Eco observed that migrations result in inexorable changes to the region of destination, changes to the normal form of dress as well as changes to the color of skin, eyes and hair. A secular humanist in good standing, he adroitly avoids committing the grand faux pas of criticizing this hybridization, fatalistically accepting the inevitability of a new Afro-European culture. For to even hint at criticism would, of course, be crude racist ethnocentrism of the first degree, and not even the reputation of one of the world’s leading intellectuals could survive accusations of that.

But what the great dottore mentions only in passing, and what the defenders of the diversity faith avoid discussing like sorority girls pretending not to hear a bulimic sister purging her caloric sins in the neighboring stall, is that changes to the political culture as well as the physical mean are likewise unavoidable. For 40 years, the people of nations such as Denmark, France, Germany, the Netherlands and the United Kingdom believed it was possible to bring Muslim immigrants into their countries in order to replace their declining workforces. They believed their governing elite’s assurances that prolonged exposure to the French or English way of life would suffice to turn these immigrants into ersatz Frenchmen or Englishmen.

What they did not realize was that their governments were not permitting immigration, but were instead inspiring a mass migration. Now, there are demands for Sharia in the land which once mobilized against a Catholic armada, the French are showing signs of wishing to revive Maurice Papon’s practice of baptizing Algerians in the Seine and even the notoriously tolerant Dutch are beginning to question the once-sacrosanct notion that all cultures are created equal.
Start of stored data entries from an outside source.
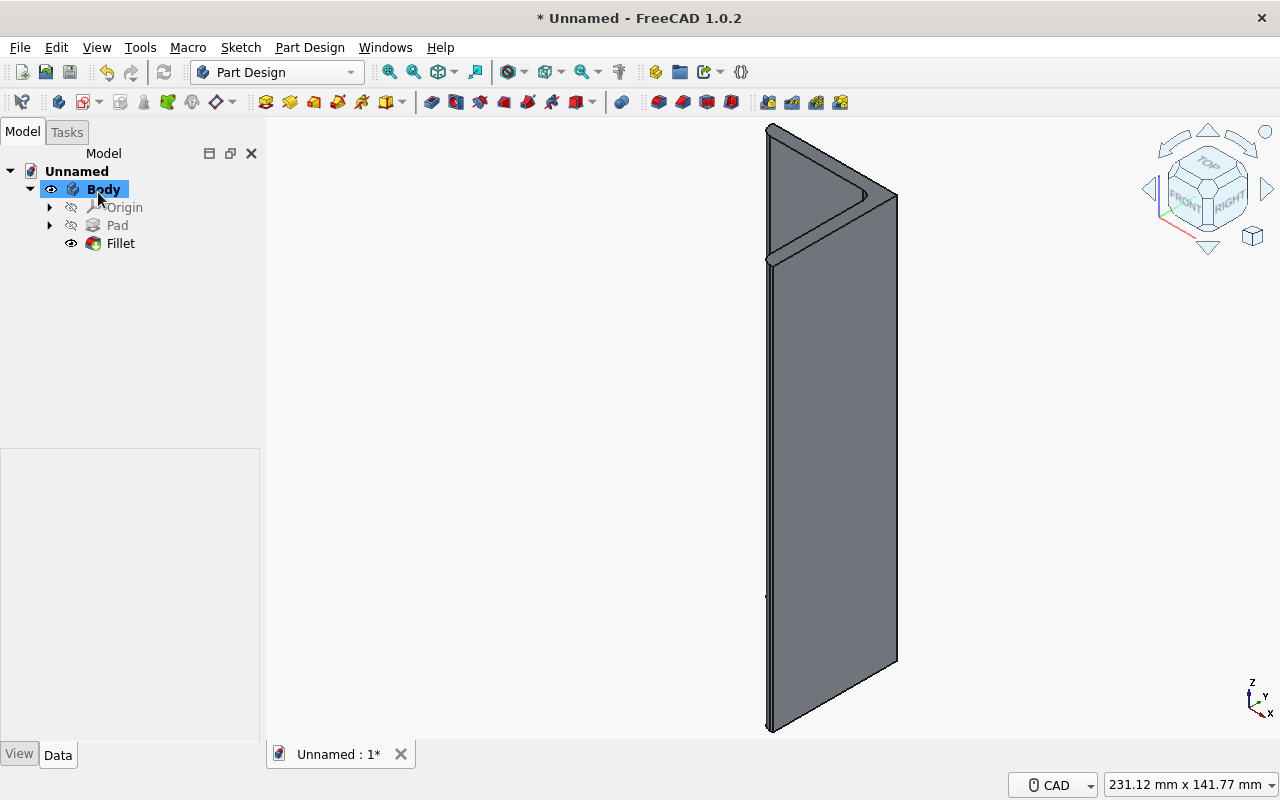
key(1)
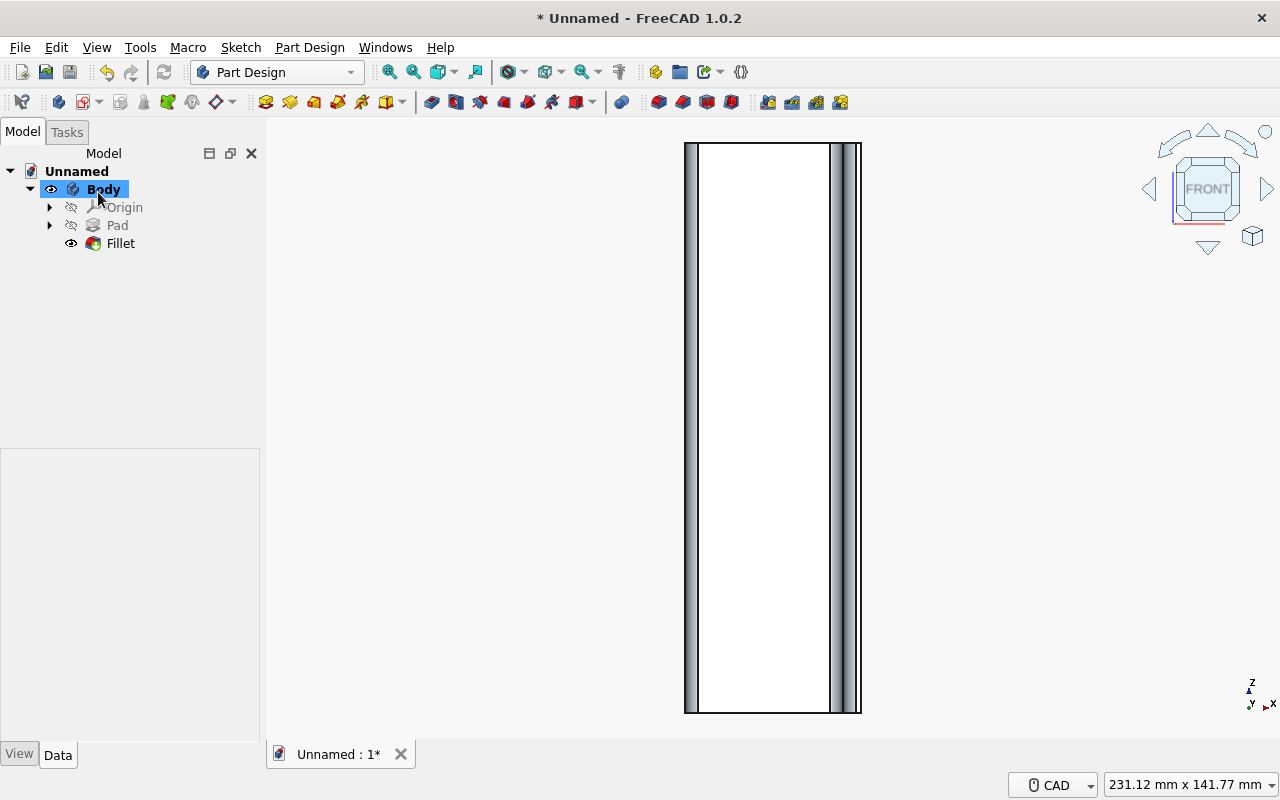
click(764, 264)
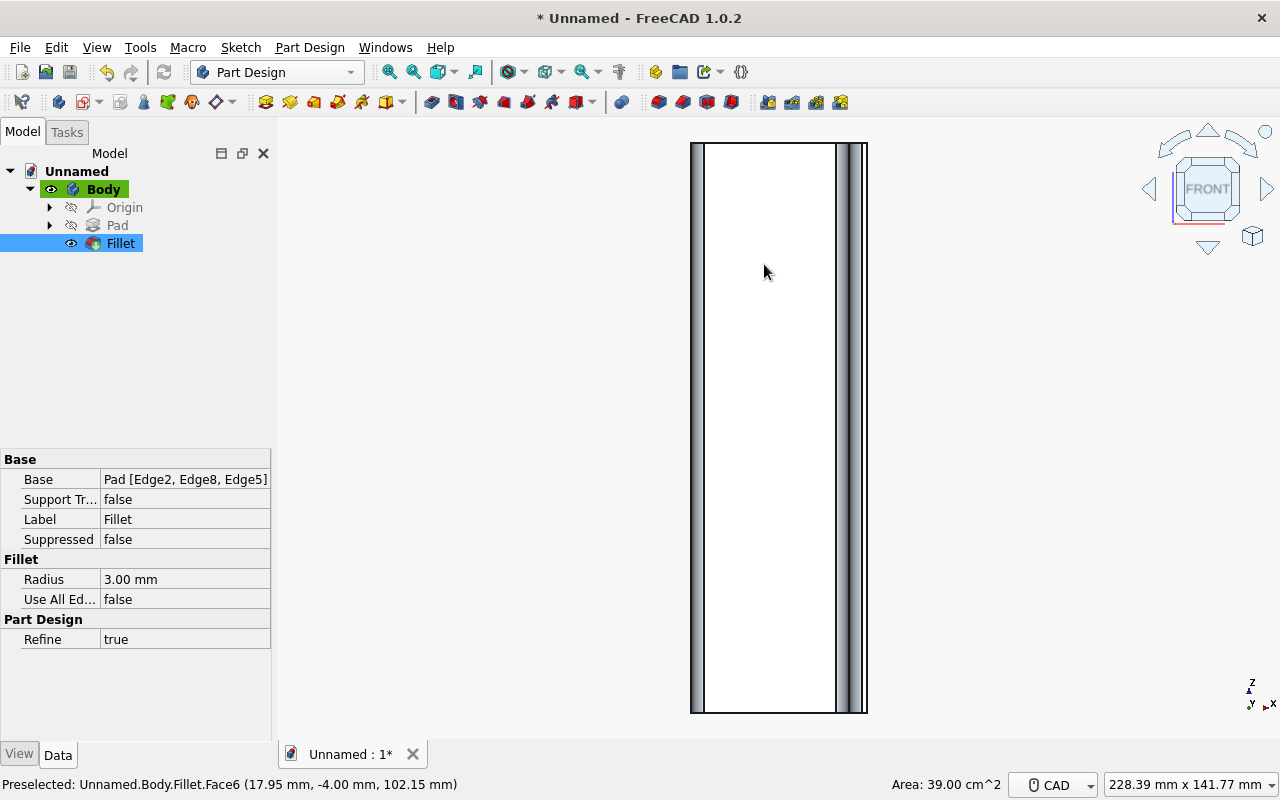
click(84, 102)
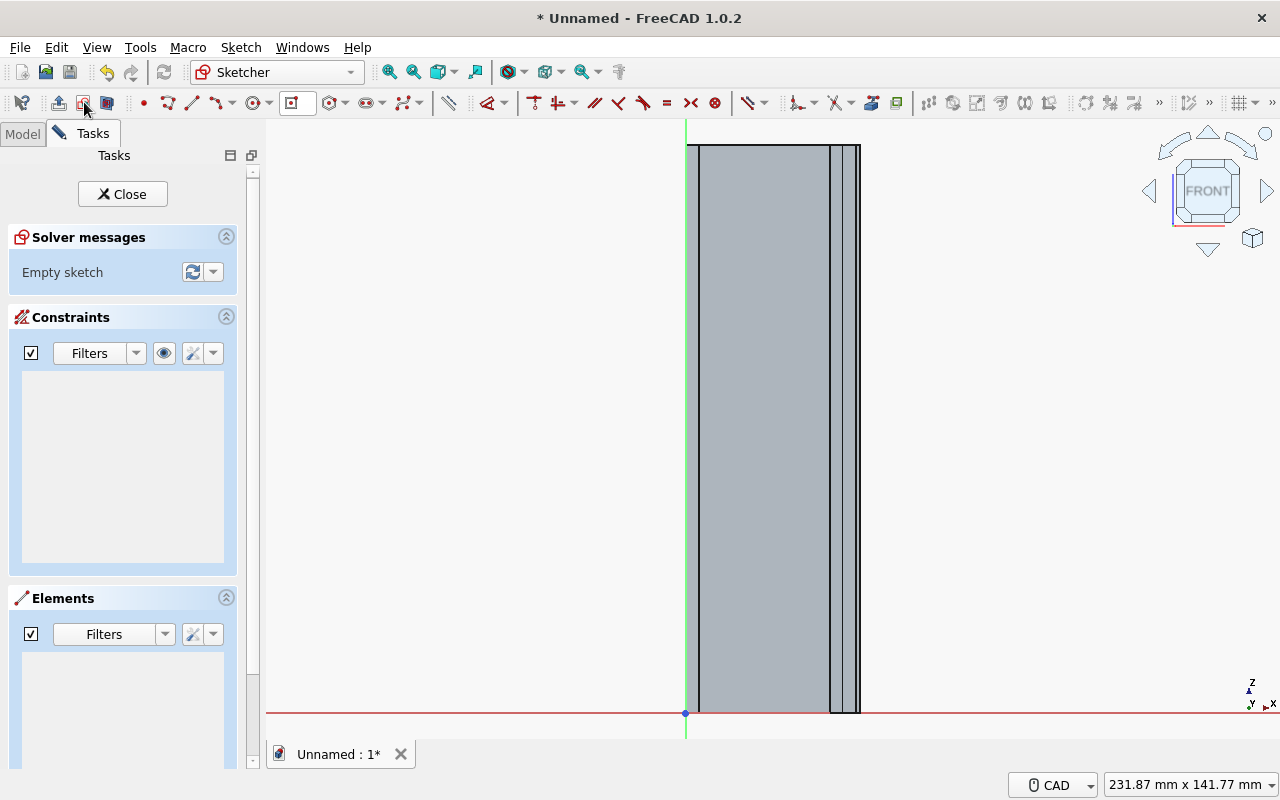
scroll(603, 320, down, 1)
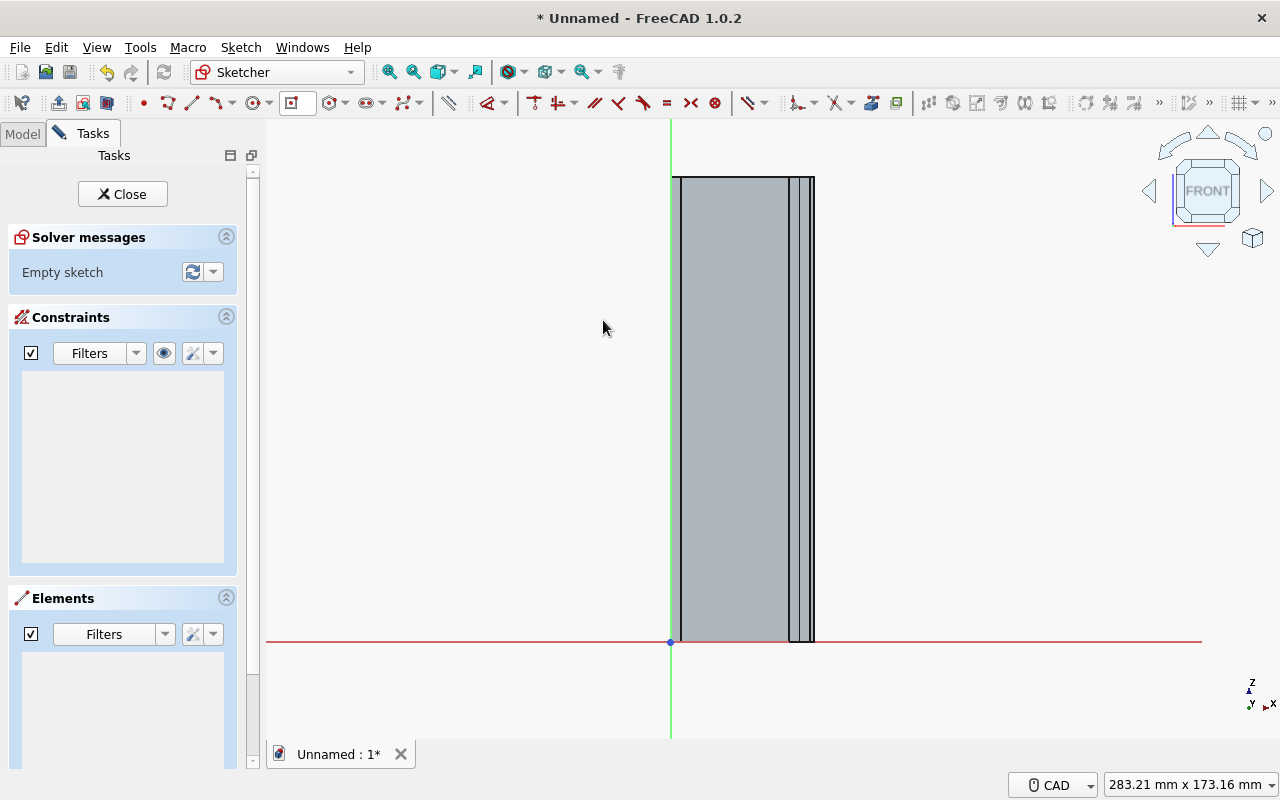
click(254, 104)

While in the United States, Islam is still an issue of immigration, not migration, this does not mean that Americans are not facing their own migrational challenge. With the importation of 30 million immigrants of varying degrees of legality in the last 35 years, most from Spanish-speaking countries that have never known individual liberty or free markets, combined with 34 million native women listening to the siren song of feminism and putting family life on the back burner, the probability that America will be able to retain its unique political identity and the tattered remnants of its Constitution are rapidly decreasing.

For example, the vast majority of native-born Americans of African and European descent consider the notion of a supranational American Union with Canada, Mexico and various Central American countries to be unthinkable and would oppose it if they recognized it to be the natural progression from NAFTA and the FTAA. But is the same true of the growing Spanish-speaking population across the Southwest, an outspoken segment of which is already calling for closer ties with Mexico? As recent events in Afghanistan and the Palestinian Authority have demonstrated to all and sundry, democratic institutions are not capable, by themselves, of moderating ideology, religion or cultural identification.

It is unlikely that Europe can solve its demographic problems without violence—Eco seems uncharacteristically untroubled when he notes that periods of mass migrations are not known for being peaceful—but it is not necessarily too late for the United States. The answer is simple, but it will require inspired leadership that is conspicuously lacking today. If America is to remain America, sovereign, liberal and free, then her people must completely turn away from the ideologies of multiculturalism, immigrationism and feminism. If they do not—and continue on the present path—she will not be sovereign, liberal or free within four decades.

This country, like her Old World progenitors, stands on the brink of precipitate change. In embracing the rainbow, America has been engulfed in its lethally mutating rays and the resulting cancer will surely kill her if it is not removed in the near future.